Adding weight to gradient boosted trees (regression)

harry2021 · October 1, 2021, 12:57pm

Is it possible to add weights to gradient boosted trees and other similar ML models in Knime?

I’m trying to predict claims frequency with insurance data, and different instances in my dataset have been policyholders for a longer time than others (so their columns provide more information). Is there a way to factor this into models in Knime?

Thanks.

Daniel_Weikert · October 1, 2021, 3:54pm

Could you create an additional feature for this?
br

aworker · October 1, 2021, 5:17pm

Hi @harry2021 and welcome to the KNIME forum

Since most of the Machine Learning methods try to minimize a loss function, oversampling of samples based on their importance is a technique which can bias the training toward examples with more importance.

For instance, if you consider that an example is 4 times more important than all the others, you could oversample it 4 times in your training set. In this case, the error induced by this sample will have a weight 4 times higher than the others for the loss function.

Keep in mind that this should normally be done only in the training set and not in the Cross-Validation set, nor in the test set. The CV and Test sets should remain the same.

On top of replicating the important training samples in the Training set, you could add jittering to the variables (add slight noise to the descriptors) of these samples to avoid to replicate exactly the same samples (so that they are not exactly the same as the originals).

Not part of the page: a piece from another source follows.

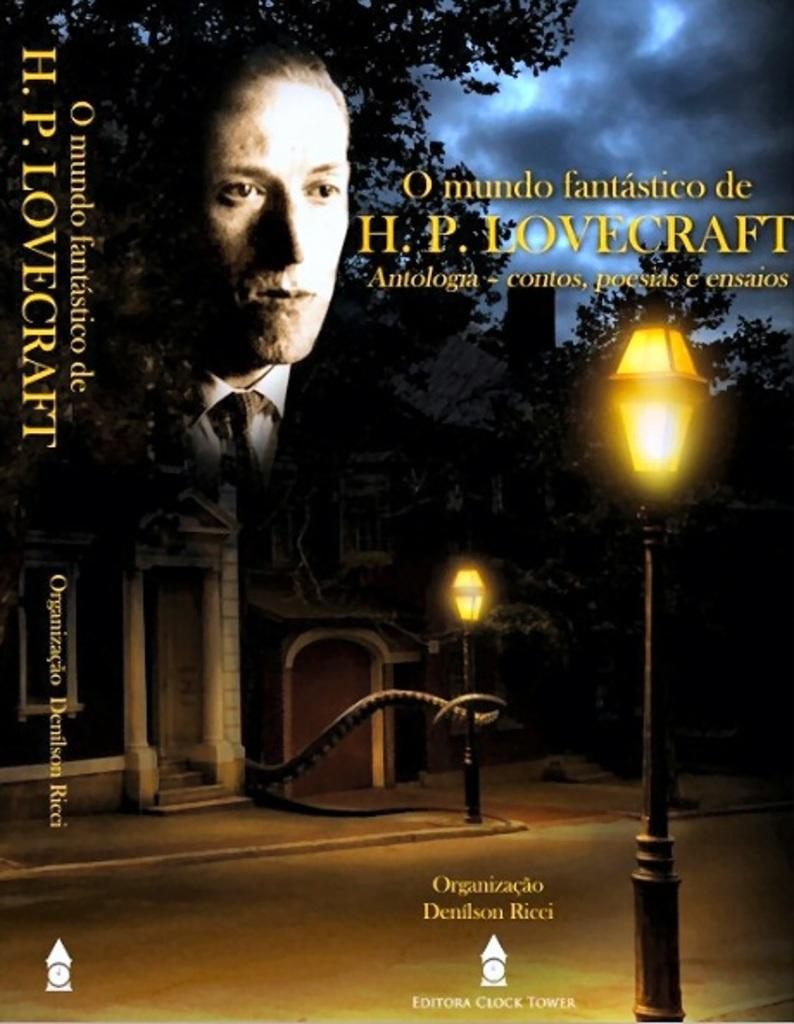<image>
Offer a succinct explanation of the picture presented. Editora Clock Tower published a book by H. P. Lovecraft.

Some references about Jittering (or adding noise):

[1] Koistinen, Petri, and Lasse Holmstrom. "Kernel regression and backpropagation training with noise." Neural Networks, 1991. 1991 IEEE International Joint Conference on. IEEE, 1991.
[2] Holmstrom, Lasse, and Petri Koistinen. "Using additive noise in back-propagation training." Neural Networks, IEEE Transactions on 3.1 (1992): 24-38.
[3] Bishop, Chris M. "Training with noise is equivalent to Tikhonov regularization." Neural computation 7.1 (1995): 108-116.
[4] An, Guozhong. "The effects of adding noise during backpropagation training on a generalization performance." Neural Computation 8.3 (1996): 643-674.
[5] Vincent, Pascal, et al. "Stacked denoising autoencoders: Learning useful representations in a deep network with a local denoising criterion." The Journal of Machine Learning Research 9999 (2010): 3371-3408.

In the particular case of Deep Learning, some libraries as TensorFlow and Keras (even in the KNIME implementation of the -Keras Network Learner- node) allow to implement your own loss function. In this case, the loss function equation could integrate the weighting of your more important samples. This is the place in the KNIME -Keras Network Learner- node where the loss function should be modified:

Hope these hints are of help.

Best

Ael

Daniel_Weikert · October 2, 2021, 2:16pm

@aworker are the knime keras / tf nodes now supporting newer versions? Last time I checked they did not.
@harry2021 If you are willing to “outsource” your ml model to a python snippet then you have various options to work with oversampling (like aworker mentionend) or class weights or …

kienerj · October 4, 2021, 7:57am

Simply said no. The xgboost node in knime has no option for instance weights. Oversampling in my opinion is then just a crutch for lack of full support of xgboost features in knime.

I suggest to simply “drop-down” to python and use xgboost from there with all the options including instance weights.

ipazin · October 4, 2021, 9:15am

Hello there,

there is ticket (internal reference: AP-11401) to support weights in XGBoost and will add +1 there. Upon news someone will update this topic.

Welcome to KNIME Community @harry2021!

Br,
Ivan

system · April 4, 2022, 9:16pm

This topic was automatically closed 182 days after the last reply. New replies are no longer allowed.